多胡氏が今月、70歳になるのを機に24年間務めた会長職を退き、同紙広告営業で共に汗を流した愛弟子に経営をバトンタッチすることになる。岩本氏は50代、また周りを固める専務の峯島平康氏と常任役員の下部文孝氏は共に40代と、多胡氏が会長に就任した1994年以来、経営陣が若返ることになった。
いのちのことば社はプロテスタントの中でも戦後、教会数を伸ばしてきた「福音派」の出版社として、1950年、米国の「ゼ・エバンゼリカル・アライアンス・ミッション」(TEAM)の宣教師ケネス・マクビーティ氏により設立された。当時、マクビーティ氏は23歳。「私の人生は1枚のトラクト(伝道用小冊子)によって変えられた。世界一識字率の高い日本で文章伝道を」という同宣教団体理事長の言葉を聞いて心動かされ、その文書伝道部門として始まったという。その経緯はマクビーティ氏の著書『いのちのことばをしっかり握って』(いのちのことば社)に詳しい。
翌年、月刊「百万人の福音」(当時、「生命の糧」)が創刊され、62年、直営店であるライフセンター渋谷店(後に新宿のオアシスブックセンターに統合)を開いて全国展開を始め、65年から新宿区信濃町に本社ビルを持った。その年、福音派が礼拝に使うための聖書「新改訳」の新約が関連団体の日本聖書刊行会から刊行され、いのちのことば社から発売された。
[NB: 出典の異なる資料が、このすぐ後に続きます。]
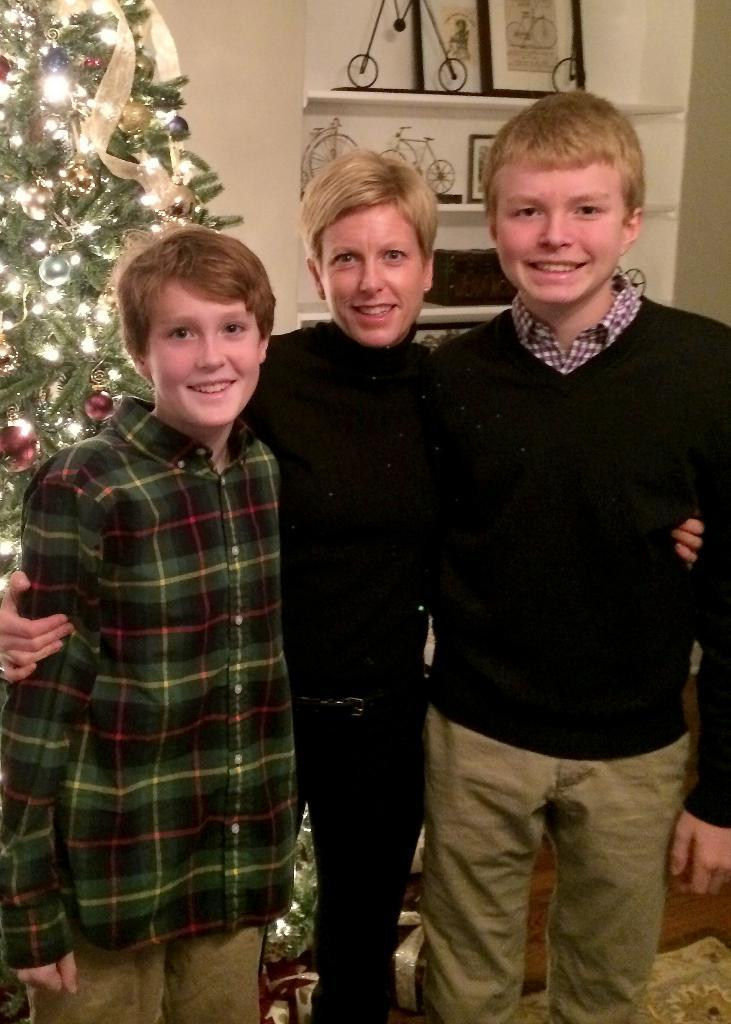How many people are standing in the image? There are three people standing in the image. What can be seen in the background of the image? There is a Christmas tree with lights, a wall, frames, and objects on shelves in the background. What is the rate of the page turning in the image? There is no page turning in the image, as it features people standing and a background with a Christmas tree, wall, frames, and objects on shelves. 
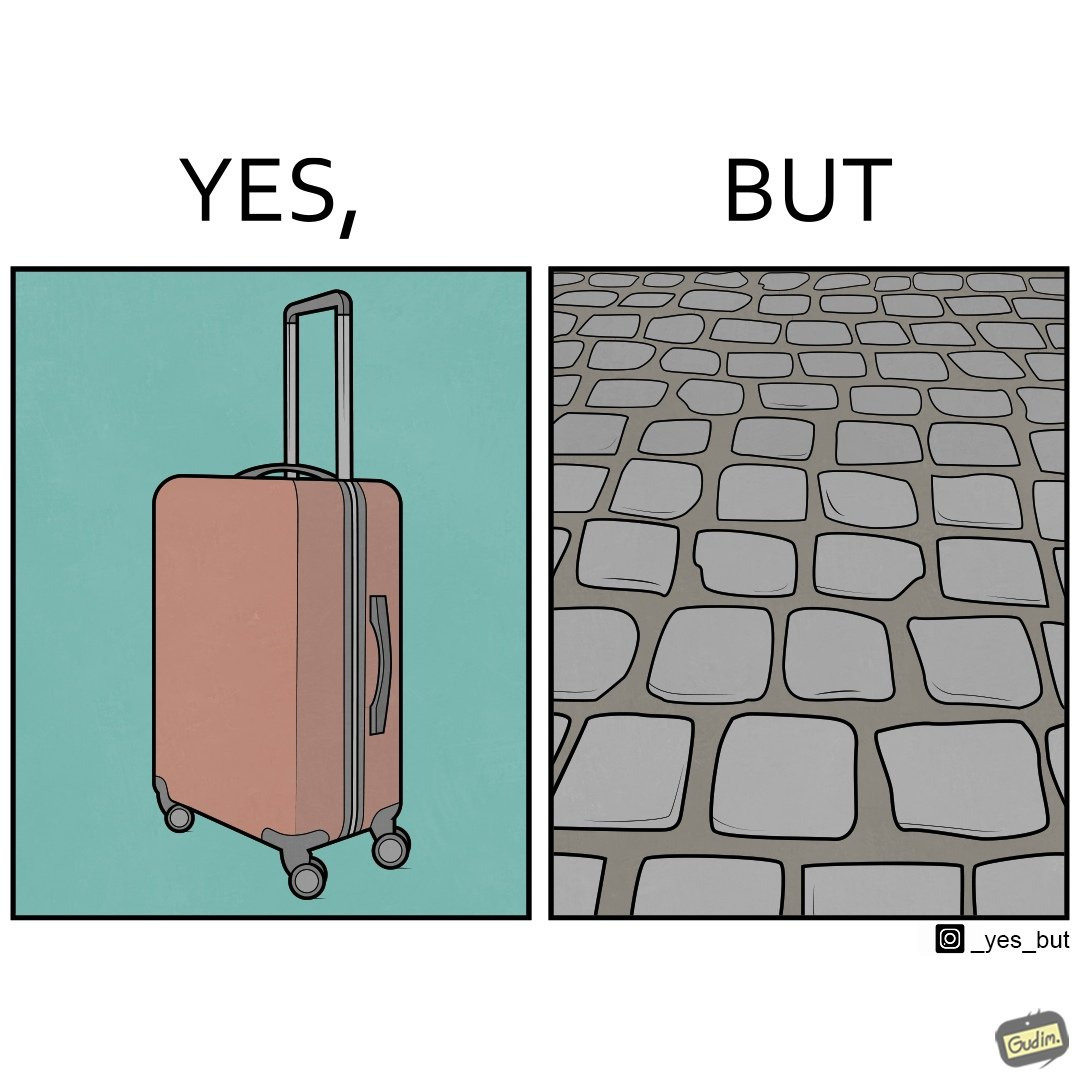Is this a satirical image? Yes, this image is satirical. 
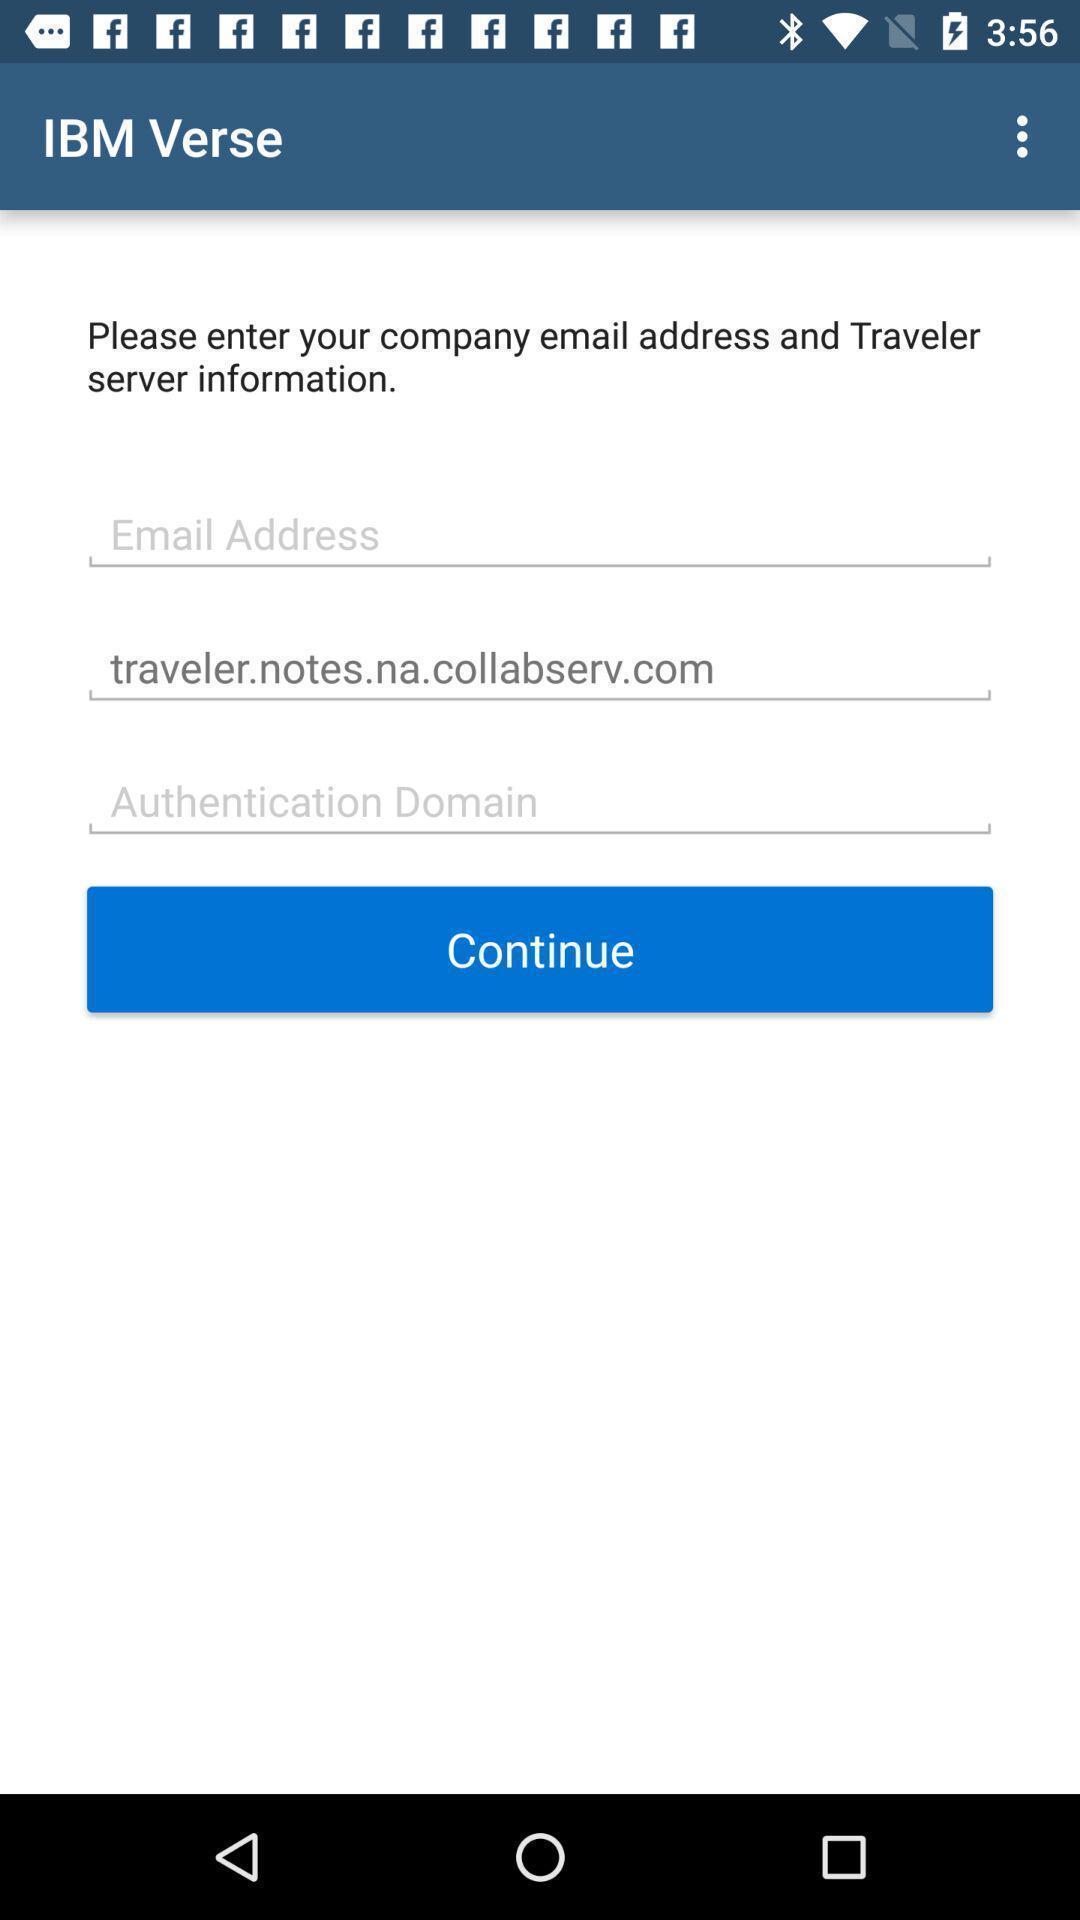Provide a description of this screenshot. Page for entering company details of a travel services app.

週刊「クリスチャン新聞」は67年の創刊。その他、『新聖書注解』(全7巻)など、多くの信仰書や伝道文書、教会学校教案誌「成長」、ディボーションガイド「マナ」、トラクト、グッズ、CDやDVD、パソコンソフトなどを手掛けるほか、宿泊施設「恵みシャレー軽井沢」も運営している。
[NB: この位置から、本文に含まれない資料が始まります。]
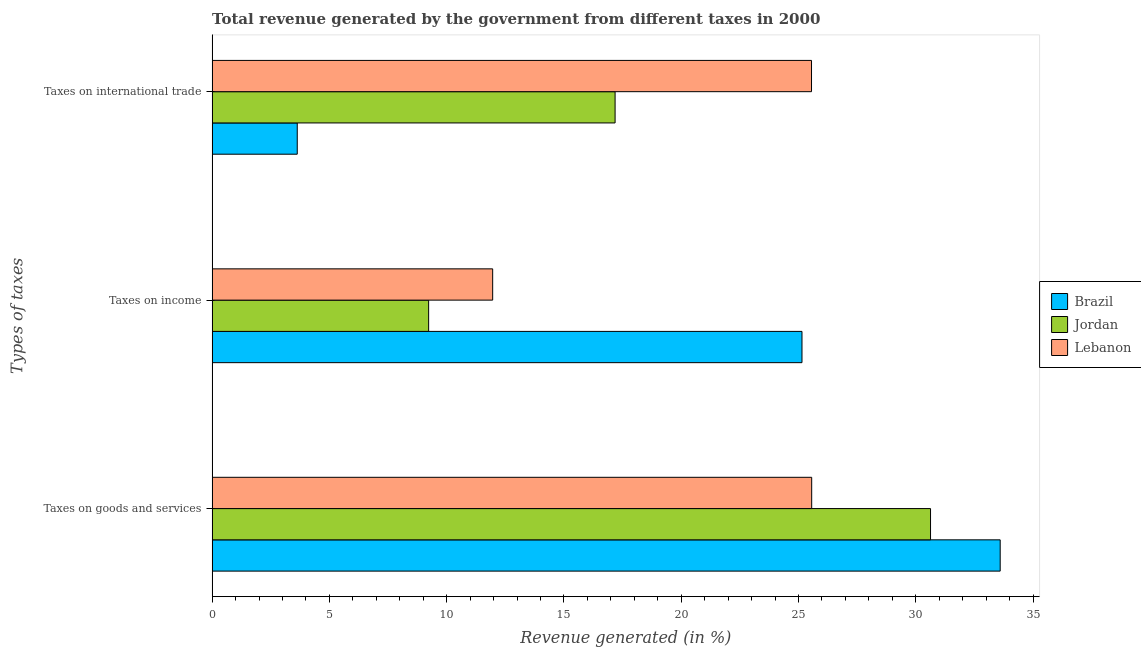How many groups of bars are there?
Give a very brief answer. 3. Are the number of bars per tick equal to the number of legend labels?
Ensure brevity in your answer.  Yes. Are the number of bars on each tick of the Y-axis equal?
Ensure brevity in your answer.  Yes. How many bars are there on the 2nd tick from the top?
Keep it short and to the point. 3. What is the label of the 1st group of bars from the top?
Your answer should be very brief. Taxes on international trade. What is the percentage of revenue generated by tax on international trade in Lebanon?
Your response must be concise. 25.56. Across all countries, what is the maximum percentage of revenue generated by taxes on income?
Ensure brevity in your answer.  25.15. Across all countries, what is the minimum percentage of revenue generated by taxes on goods and services?
Ensure brevity in your answer.  25.56. In which country was the percentage of revenue generated by taxes on goods and services minimum?
Provide a short and direct response. Lebanon. What is the total percentage of revenue generated by taxes on goods and services in the graph?
Ensure brevity in your answer.  89.79. What is the difference between the percentage of revenue generated by taxes on income in Jordan and that in Lebanon?
Your answer should be compact. -2.73. What is the difference between the percentage of revenue generated by tax on international trade in Jordan and the percentage of revenue generated by taxes on goods and services in Brazil?
Provide a succinct answer. -16.42. What is the average percentage of revenue generated by tax on international trade per country?
Offer a terse response. 15.46. What is the difference between the percentage of revenue generated by tax on international trade and percentage of revenue generated by taxes on goods and services in Brazil?
Give a very brief answer. -29.97. In how many countries, is the percentage of revenue generated by tax on international trade greater than 21 %?
Your answer should be compact. 1. What is the ratio of the percentage of revenue generated by tax on international trade in Brazil to that in Jordan?
Your answer should be very brief. 0.21. What is the difference between the highest and the second highest percentage of revenue generated by taxes on income?
Provide a succinct answer. 13.19. What is the difference between the highest and the lowest percentage of revenue generated by tax on international trade?
Ensure brevity in your answer.  21.93. In how many countries, is the percentage of revenue generated by taxes on goods and services greater than the average percentage of revenue generated by taxes on goods and services taken over all countries?
Provide a succinct answer. 2. What does the 2nd bar from the top in Taxes on income represents?
Offer a terse response. Jordan. What does the 2nd bar from the bottom in Taxes on goods and services represents?
Make the answer very short. Jordan. Are all the bars in the graph horizontal?
Ensure brevity in your answer.  Yes. How many countries are there in the graph?
Provide a succinct answer. 3. What is the difference between two consecutive major ticks on the X-axis?
Provide a succinct answer. 5. How many legend labels are there?
Offer a very short reply. 3. What is the title of the graph?
Offer a very short reply. Total revenue generated by the government from different taxes in 2000. What is the label or title of the X-axis?
Offer a terse response. Revenue generated (in %). What is the label or title of the Y-axis?
Keep it short and to the point. Types of taxes. What is the Revenue generated (in %) of Brazil in Taxes on goods and services?
Keep it short and to the point. 33.6. What is the Revenue generated (in %) of Jordan in Taxes on goods and services?
Keep it short and to the point. 30.63. What is the Revenue generated (in %) of Lebanon in Taxes on goods and services?
Your answer should be compact. 25.56. What is the Revenue generated (in %) in Brazil in Taxes on income?
Ensure brevity in your answer.  25.15. What is the Revenue generated (in %) in Jordan in Taxes on income?
Keep it short and to the point. 9.23. What is the Revenue generated (in %) of Lebanon in Taxes on income?
Your answer should be very brief. 11.96. What is the Revenue generated (in %) in Brazil in Taxes on international trade?
Offer a terse response. 3.63. What is the Revenue generated (in %) in Jordan in Taxes on international trade?
Provide a succinct answer. 17.18. What is the Revenue generated (in %) in Lebanon in Taxes on international trade?
Ensure brevity in your answer.  25.56. Across all Types of taxes, what is the maximum Revenue generated (in %) of Brazil?
Provide a succinct answer. 33.6. Across all Types of taxes, what is the maximum Revenue generated (in %) of Jordan?
Provide a succinct answer. 30.63. Across all Types of taxes, what is the maximum Revenue generated (in %) in Lebanon?
Provide a succinct answer. 25.56. Across all Types of taxes, what is the minimum Revenue generated (in %) in Brazil?
Offer a terse response. 3.63. Across all Types of taxes, what is the minimum Revenue generated (in %) in Jordan?
Your response must be concise. 9.23. Across all Types of taxes, what is the minimum Revenue generated (in %) of Lebanon?
Ensure brevity in your answer.  11.96. What is the total Revenue generated (in %) in Brazil in the graph?
Your answer should be very brief. 62.38. What is the total Revenue generated (in %) of Jordan in the graph?
Your answer should be very brief. 57.04. What is the total Revenue generated (in %) in Lebanon in the graph?
Your answer should be compact. 63.08. What is the difference between the Revenue generated (in %) in Brazil in Taxes on goods and services and that in Taxes on income?
Provide a short and direct response. 8.45. What is the difference between the Revenue generated (in %) of Jordan in Taxes on goods and services and that in Taxes on income?
Keep it short and to the point. 21.4. What is the difference between the Revenue generated (in %) of Lebanon in Taxes on goods and services and that in Taxes on income?
Keep it short and to the point. 13.6. What is the difference between the Revenue generated (in %) of Brazil in Taxes on goods and services and that in Taxes on international trade?
Ensure brevity in your answer.  29.97. What is the difference between the Revenue generated (in %) of Jordan in Taxes on goods and services and that in Taxes on international trade?
Keep it short and to the point. 13.45. What is the difference between the Revenue generated (in %) in Lebanon in Taxes on goods and services and that in Taxes on international trade?
Your response must be concise. 0.01. What is the difference between the Revenue generated (in %) in Brazil in Taxes on income and that in Taxes on international trade?
Your answer should be very brief. 21.52. What is the difference between the Revenue generated (in %) of Jordan in Taxes on income and that in Taxes on international trade?
Ensure brevity in your answer.  -7.95. What is the difference between the Revenue generated (in %) of Lebanon in Taxes on income and that in Taxes on international trade?
Give a very brief answer. -13.59. What is the difference between the Revenue generated (in %) of Brazil in Taxes on goods and services and the Revenue generated (in %) of Jordan in Taxes on income?
Ensure brevity in your answer.  24.37. What is the difference between the Revenue generated (in %) of Brazil in Taxes on goods and services and the Revenue generated (in %) of Lebanon in Taxes on income?
Your answer should be very brief. 21.64. What is the difference between the Revenue generated (in %) of Jordan in Taxes on goods and services and the Revenue generated (in %) of Lebanon in Taxes on income?
Your response must be concise. 18.67. What is the difference between the Revenue generated (in %) in Brazil in Taxes on goods and services and the Revenue generated (in %) in Jordan in Taxes on international trade?
Give a very brief answer. 16.42. What is the difference between the Revenue generated (in %) of Brazil in Taxes on goods and services and the Revenue generated (in %) of Lebanon in Taxes on international trade?
Offer a very short reply. 8.04. What is the difference between the Revenue generated (in %) of Jordan in Taxes on goods and services and the Revenue generated (in %) of Lebanon in Taxes on international trade?
Give a very brief answer. 5.07. What is the difference between the Revenue generated (in %) in Brazil in Taxes on income and the Revenue generated (in %) in Jordan in Taxes on international trade?
Your answer should be compact. 7.97. What is the difference between the Revenue generated (in %) in Brazil in Taxes on income and the Revenue generated (in %) in Lebanon in Taxes on international trade?
Your answer should be very brief. -0.41. What is the difference between the Revenue generated (in %) in Jordan in Taxes on income and the Revenue generated (in %) in Lebanon in Taxes on international trade?
Offer a terse response. -16.32. What is the average Revenue generated (in %) of Brazil per Types of taxes?
Give a very brief answer. 20.79. What is the average Revenue generated (in %) of Jordan per Types of taxes?
Ensure brevity in your answer.  19.01. What is the average Revenue generated (in %) in Lebanon per Types of taxes?
Ensure brevity in your answer.  21.03. What is the difference between the Revenue generated (in %) of Brazil and Revenue generated (in %) of Jordan in Taxes on goods and services?
Your answer should be very brief. 2.97. What is the difference between the Revenue generated (in %) of Brazil and Revenue generated (in %) of Lebanon in Taxes on goods and services?
Provide a succinct answer. 8.04. What is the difference between the Revenue generated (in %) of Jordan and Revenue generated (in %) of Lebanon in Taxes on goods and services?
Your response must be concise. 5.07. What is the difference between the Revenue generated (in %) of Brazil and Revenue generated (in %) of Jordan in Taxes on income?
Your response must be concise. 15.92. What is the difference between the Revenue generated (in %) in Brazil and Revenue generated (in %) in Lebanon in Taxes on income?
Give a very brief answer. 13.19. What is the difference between the Revenue generated (in %) of Jordan and Revenue generated (in %) of Lebanon in Taxes on income?
Ensure brevity in your answer.  -2.73. What is the difference between the Revenue generated (in %) of Brazil and Revenue generated (in %) of Jordan in Taxes on international trade?
Your response must be concise. -13.55. What is the difference between the Revenue generated (in %) in Brazil and Revenue generated (in %) in Lebanon in Taxes on international trade?
Keep it short and to the point. -21.93. What is the difference between the Revenue generated (in %) of Jordan and Revenue generated (in %) of Lebanon in Taxes on international trade?
Give a very brief answer. -8.37. What is the ratio of the Revenue generated (in %) in Brazil in Taxes on goods and services to that in Taxes on income?
Provide a succinct answer. 1.34. What is the ratio of the Revenue generated (in %) in Jordan in Taxes on goods and services to that in Taxes on income?
Provide a succinct answer. 3.32. What is the ratio of the Revenue generated (in %) in Lebanon in Taxes on goods and services to that in Taxes on income?
Offer a very short reply. 2.14. What is the ratio of the Revenue generated (in %) of Brazil in Taxes on goods and services to that in Taxes on international trade?
Your answer should be compact. 9.26. What is the ratio of the Revenue generated (in %) of Jordan in Taxes on goods and services to that in Taxes on international trade?
Give a very brief answer. 1.78. What is the ratio of the Revenue generated (in %) in Brazil in Taxes on income to that in Taxes on international trade?
Provide a short and direct response. 6.93. What is the ratio of the Revenue generated (in %) in Jordan in Taxes on income to that in Taxes on international trade?
Ensure brevity in your answer.  0.54. What is the ratio of the Revenue generated (in %) in Lebanon in Taxes on income to that in Taxes on international trade?
Offer a very short reply. 0.47. What is the difference between the highest and the second highest Revenue generated (in %) in Brazil?
Provide a succinct answer. 8.45. What is the difference between the highest and the second highest Revenue generated (in %) in Jordan?
Your answer should be compact. 13.45. What is the difference between the highest and the second highest Revenue generated (in %) in Lebanon?
Offer a very short reply. 0.01. What is the difference between the highest and the lowest Revenue generated (in %) of Brazil?
Make the answer very short. 29.97. What is the difference between the highest and the lowest Revenue generated (in %) in Jordan?
Your answer should be compact. 21.4. What is the difference between the highest and the lowest Revenue generated (in %) in Lebanon?
Keep it short and to the point. 13.6.

94年に創立者のマクビーティ氏が退任し、多胡氏が会長に就いたことにより、これまで米国人宣教師のもとでなされてきた経営が日本人の手に託されることになった。また2009年、信濃町の本社ビルの老朽化にともなって中野区に本社を移転した。
同社は今日までの67年間、日本における文書伝道の働きを担ってきたが、経営陣の顔ぶれが刷新され、これから第3ステージに進むことになる。また新体制をスタートするにあたり、2025年までに同社の働きを通して日本人口の10パーセント(1200万人)に福音を伝えることを目標に掲げた。